Oil : freemarketnews : IRAQ WAR WAS TO DESTABILIZE OIL?


Richard Moore

nice to see more kinds of people 'getting it'.




Tuesday, October 18, 2005 - FreeMarketNews.com 

Why did George W. Bush indicate to England's Prime Minister
Tony Blair that he would consider military action in other
Middle Eastern countries, including perhaps Saudi Arabia? The
explanation may be a simple one, according to various
free-market thinkers who have closely scrutinized the
administration's behavior. While Bush may have been motivated
by a number of factors when contemplating military action, the
speculation grows that one of them would have been the
potential for driving up the price of oil, a benefit to the
administration's oil-industry allies.

The story, reported by British newspapers such as the
Independent, is based on a recently disclosed "top secret
Downing Street memo," which shows that in a secret telephone
conversation in January 2003, the president indicated that he
"wanted to go beyond Iraq," and "implied that the military
action against Saddam Hussein was only a first step." The
disclosure of the memo actually comes from "Lawless World," a
book by leading international lawyer Philippe Sands, who is
quoted as saying, "The conversation seems to indicate that
Iraq was not seen as an isolated issue but as a first step in
relation to a broader project." He is also attributed with the
statement that "the mention of Saudi Arabia indicates that the
true objectives were not related exclusively to WMD," after
noting that at that time the Saudis were not considered to be
a WMD threat or source.

FMNN has reported in the past that one of Bush's closest
relationships is with Houston-based oil-banker Matthew Simmons
who may also have an office in the White House. Simmons &
Company International (SCI) works in numerous areas of oil and
gas, but its initial success was in investment banking in the
1970s and 1980s, and Simmons, a well-respected member of the
internationalist Council on Foreign Relations has been a
tireless promoter of the "peak oil" theory - that the world is
running out of energy. He recently wrote a book suggesting
that the gigantic Saudi Arabian oil fields were damaged from
over-production, and, judging from Internet sites, he has
spent a good deal of time traveling to foreign countries to
repeat his message about impending oil shortages.

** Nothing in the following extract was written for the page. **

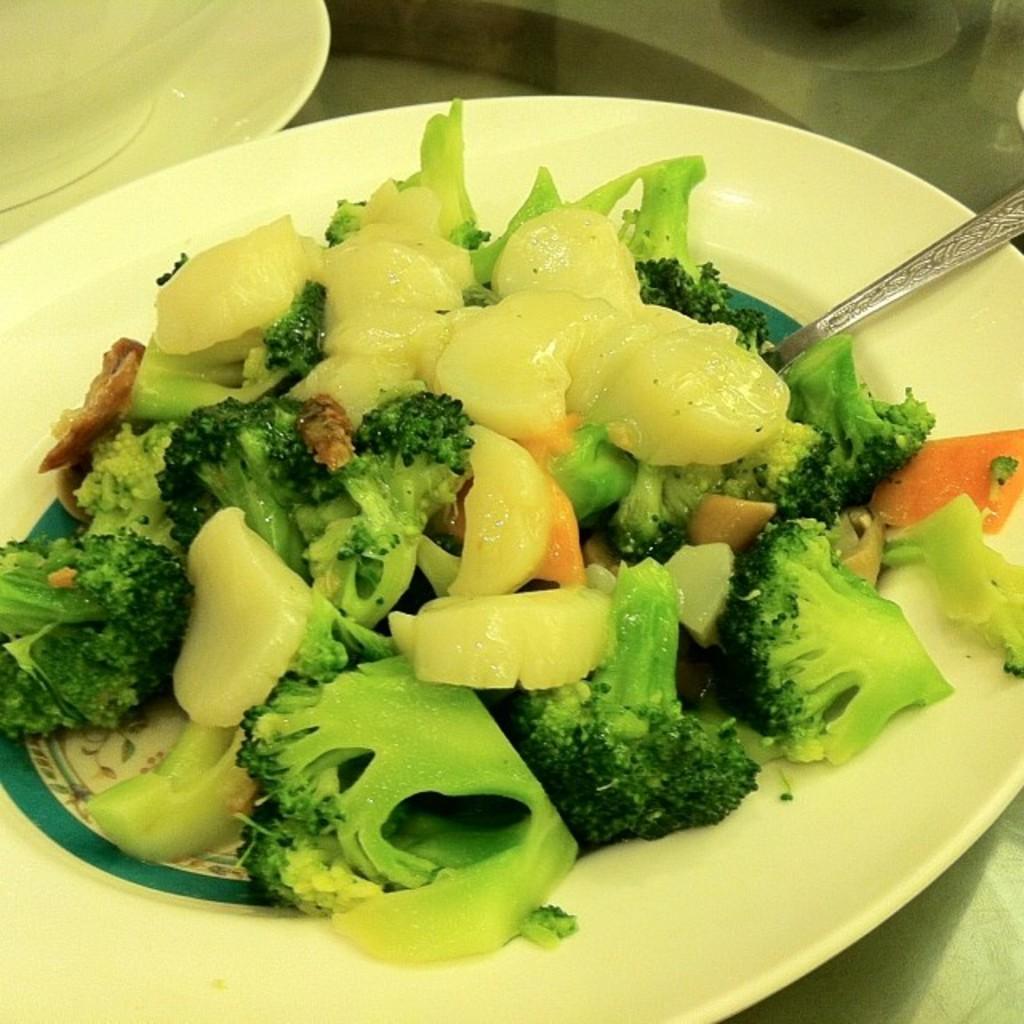Could you give a brief overview of what you see in this image? In this image I can see two plates and on the plate I can see a food item which is green, orange and cream in color. I can see a spoon on the plate. 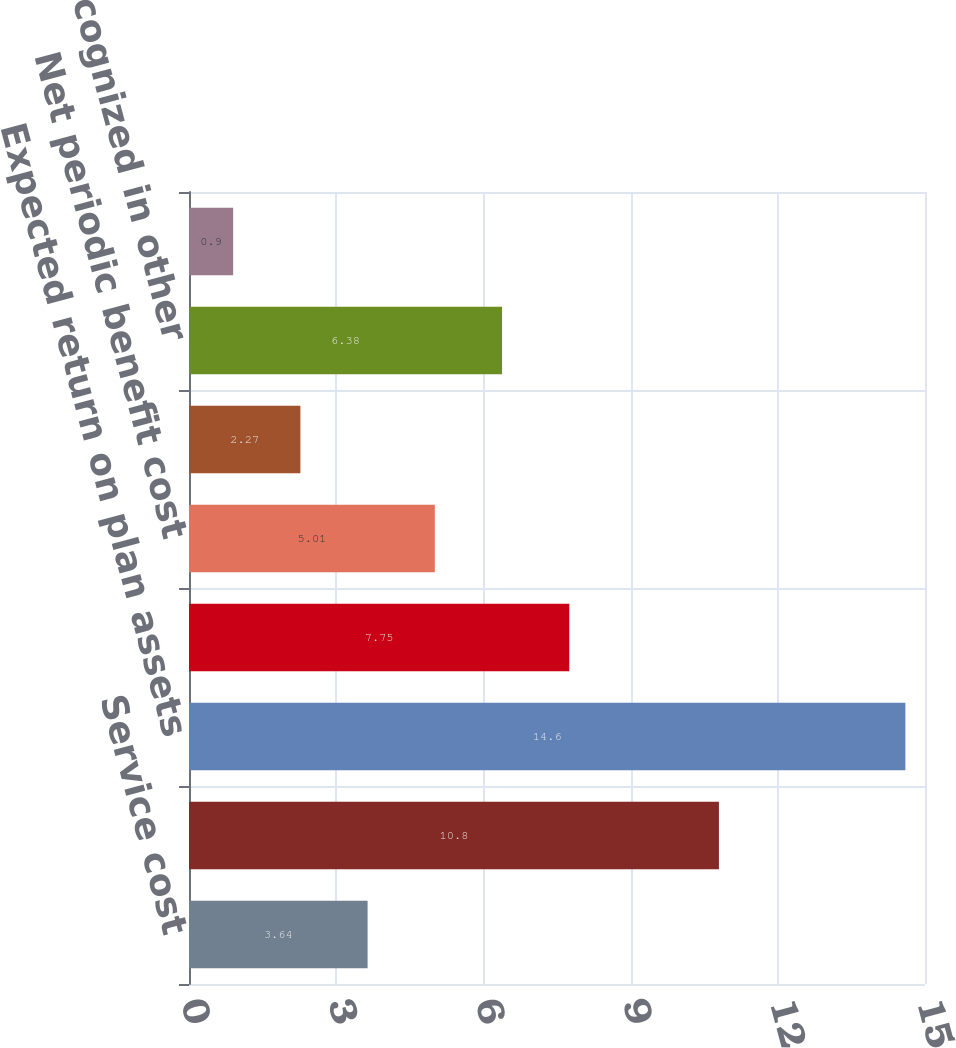Convert chart to OTSL. <chart><loc_0><loc_0><loc_500><loc_500><bar_chart><fcel>Service cost<fcel>Interest cost on benefit<fcel>Expected return on plan assets<fcel>Amortization of net loss<fcel>Net periodic benefit cost<fcel>Net loss incurred<fcel>Total recognized in other<fcel>Total recognized in net<nl><fcel>3.64<fcel>10.8<fcel>14.6<fcel>7.75<fcel>5.01<fcel>2.27<fcel>6.38<fcel>0.9<nl></chart>

Attorney Sands is perhaps puzzled by Bush's notion of invading
other oil rich countries in the Middle East, but seen in the
context of driving up the price of oil, Bush's stated
intentions make sense. In Iraq, Bush expected to control and
dominate the region's energy resources "on the ground" as the
result of a successful campaign. But the administration no
doubt also expected higher oil prices. If the United States
had gone on to military action elsewhere in the Middle East,
oil prices no doubt would have moved even higher, even sooner.
An invasion of Saudi Arabia would have had an extreme impact.